A second random connection that happened on the reservation in South Dakota nearly left me speechless. As part of our trip, we drove around and toured some of the schools including Red Cloud School, a private catholic school. It has a museum and gift shop there. When we were walking through the gift shop I noticed a wall covered in beautiful quilts and decided I was going to come back and check them out after the museum. When I came back I asked if I could see this beautiful red, white and blue quilt. They all were the same pattern, the sacred morning star pattern, but they were all many different colors and sizes. The one I fell head over heals for happened to be a queen sized quilt which is what size bed I have.

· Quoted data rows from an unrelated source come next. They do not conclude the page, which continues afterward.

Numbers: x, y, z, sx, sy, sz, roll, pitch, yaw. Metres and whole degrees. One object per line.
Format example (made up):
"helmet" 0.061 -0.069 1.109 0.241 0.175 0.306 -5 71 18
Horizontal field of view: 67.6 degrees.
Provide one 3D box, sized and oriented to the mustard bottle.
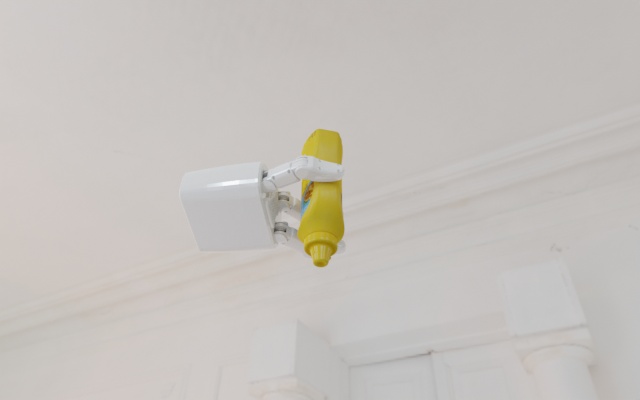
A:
"mustard bottle" 0.000 0.002 0.622 0.058 0.191 0.096 9 -42 -10

I decided I had to have it! I asked the sales lady if she knew who made it and she did not. A few days later, on the other side of the reservation, we were holding a health fair, checking blood pressure and glucose at an elders center. The elders center was serving meals for the local seniors and we were doing our thing when this woman walked up to me and started talking. Turns out she was the president of the elders center there. She also teaches Lakota language at the Head Start (preschool) and cares for her disabled husband. She had been there earlier to pick up lunch for her and her husband and taken it home. Someone called her to come back when they heard that the program ( we had come with had a donation for her group. This is when I met her. In her spare time (which I'm not sure when that would be) she makes quilts, the sacred morning star quilt. She asked me if I'd ever seen one and I said yes, I had bought one the other day at Red Cloud School. She told me that she makes quilts for them and so I described the quilt I had bought. Turns out she made it! I was speechless! I gave her a big hug, which I think made her think I was crazy but what I didn't tell anyone is this: My grandmother used to make all of her grandchildren quilts when they graduated from school. The quilt she made me when I graduated from high school was red, white and blue but it was for a twin bed. I feel like I was drawn to this particular quilt because I feel like it reminds me of my grandma and I graduate from grad school this month. I love it! I think of how we're all connected every time I see that quilt and remember my grandma. Somehow, I think that quilt was made for me and was there at that time and place just for me. It's kind of cool to think about.